Variegated leaf material

Clear Nail polish

 

 

 

Procedure:

 

 

  1. Prepare 300 ml of bicarbonate solution for each trial.
    1. The bicarbonate serves as an alternate dissolved source of carbon dioxide for photosynthesis. Prepare a 0.2% solution. (This is not very much—it’s about 1/8 of a teaspoon of baking soda in 300 ml of water.) Too much bicarbonate will cause small bubbles (CO2)to form on the surface of the leaf which will make it difficult to sink the leaf disk.
    2. Add 1 drop of dilute liquid soap to this solution. The soap wets the hydrophobic surface of the leaf allowing the solution to be drawn into the leaf. It’s difficult to quantify this since liquid soaps vary in concentration. Avoid suds. If your solution generates suds then dilute it with more bicarbonate solution.

 

  1. Cut 10 or more uniform leaf disks for each trial

    1. Single hole punches work well for this but stout plastic straws will work as well
    2. Choice of the leaf material is perhaps the most critical aspect of this procedure. The leaf surface should be smooth and not too thick. Avoid plants with hairy leaves. Ivy, fresh spinach, Wisconsin Fast Plant cotyledons—all work well. Ivy seems to provide very consistent results. Any number of plants work. My classes have found that in the spring, Pokeweed may be the best choice.
    3. Avoid major veins.

 

  1. Infiltrate the leaf disks with sodium bicarbonate solution.
    1. Remove the piston or plunger and place the leaf disks into the syringe barrel. Replace the plunger being careful not to crush the leaf disks. Push on the plunger until only a small volume of air and leaf disk remain in the barrel (< 10%).

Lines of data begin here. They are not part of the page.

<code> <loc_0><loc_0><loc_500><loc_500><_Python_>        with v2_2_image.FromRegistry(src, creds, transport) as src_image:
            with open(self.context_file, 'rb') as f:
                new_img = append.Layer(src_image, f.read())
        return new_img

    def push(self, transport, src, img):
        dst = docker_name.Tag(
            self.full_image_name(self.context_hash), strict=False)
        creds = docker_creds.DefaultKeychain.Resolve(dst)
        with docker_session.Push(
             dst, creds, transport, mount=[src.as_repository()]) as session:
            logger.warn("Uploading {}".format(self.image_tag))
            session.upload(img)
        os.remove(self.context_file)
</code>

    1. Pull a small volume of sodium bicarbonate solution into the syringe. Tap the syringe to suspend the leaf disks in the solution.

 

    1. Holding a finger over the syringe-opening, draw back on the plunger to create a vacuum. Hold this vacuum for about 10 seconds. While holding the vacuum, swirl the leaf disks to suspend them in the solution. Let off the vacuum. The bicarbonate solution will infiltrate the air spaces in the leaf causing the disks to sink. You will probably have to repeat this procedure several times in order to get the disks to sink. You may have difficulty getting the disks to sink even after applying a vacuum three or four times. Generally, this is usually an indication that you need more soap in the bicarbonate solution. Some leaf surfaces are more water repellent than others are. Adding a bit more soap usually solves the problem.

 

  1. Pour the disks and solution into a clear plastic cup. Add bicarbonate solution to a depth of about 3 centimeters. Use the same depth for each trial. Shallower depths work just as well.

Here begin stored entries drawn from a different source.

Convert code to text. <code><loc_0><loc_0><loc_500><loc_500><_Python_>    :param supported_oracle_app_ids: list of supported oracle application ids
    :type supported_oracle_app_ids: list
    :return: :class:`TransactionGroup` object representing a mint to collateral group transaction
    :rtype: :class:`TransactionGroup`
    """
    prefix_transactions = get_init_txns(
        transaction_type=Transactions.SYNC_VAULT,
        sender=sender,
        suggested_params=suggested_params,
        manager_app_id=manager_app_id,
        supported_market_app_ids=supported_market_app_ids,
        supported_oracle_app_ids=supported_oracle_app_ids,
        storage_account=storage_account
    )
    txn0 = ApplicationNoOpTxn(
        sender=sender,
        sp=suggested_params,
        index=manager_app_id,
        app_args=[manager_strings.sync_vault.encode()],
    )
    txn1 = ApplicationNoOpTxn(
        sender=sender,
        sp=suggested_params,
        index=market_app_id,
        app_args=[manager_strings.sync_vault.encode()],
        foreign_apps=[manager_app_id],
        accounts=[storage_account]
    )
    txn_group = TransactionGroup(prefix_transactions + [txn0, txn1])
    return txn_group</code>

    1. This experimental setup includes a control. The leaf disks in the cup on the right were infiltrated with a water solution with a drop of soap—no bicarbonate.

 

  1. Place under the light source and start the timer. At the end of each minute, record the number of floating disks. Then swirl the disks to dislodge any that are stuck against the sides of the cups. Continue until all of the disks are floating.

    1. The control is on the left in each image. In the experimental treatment, on the right, leaf disks are rising and floating on the surface.

 

  1. Sample results:

 

Time (minutes) Disk Floating
1 0
2 0
3 0
4 0
5 0
6 0
7 1
8 1
9 1
10 1
11 4
12 7
13 8
14 10

 

  1. The point at which 50% of the leaf disks are floating is the point of reference for this procedure. By interpolating from the graph, the 50% floating point is about 11.5 minutes. Using the 50% point provides a greater degree of reliability and repeatability for this procedure.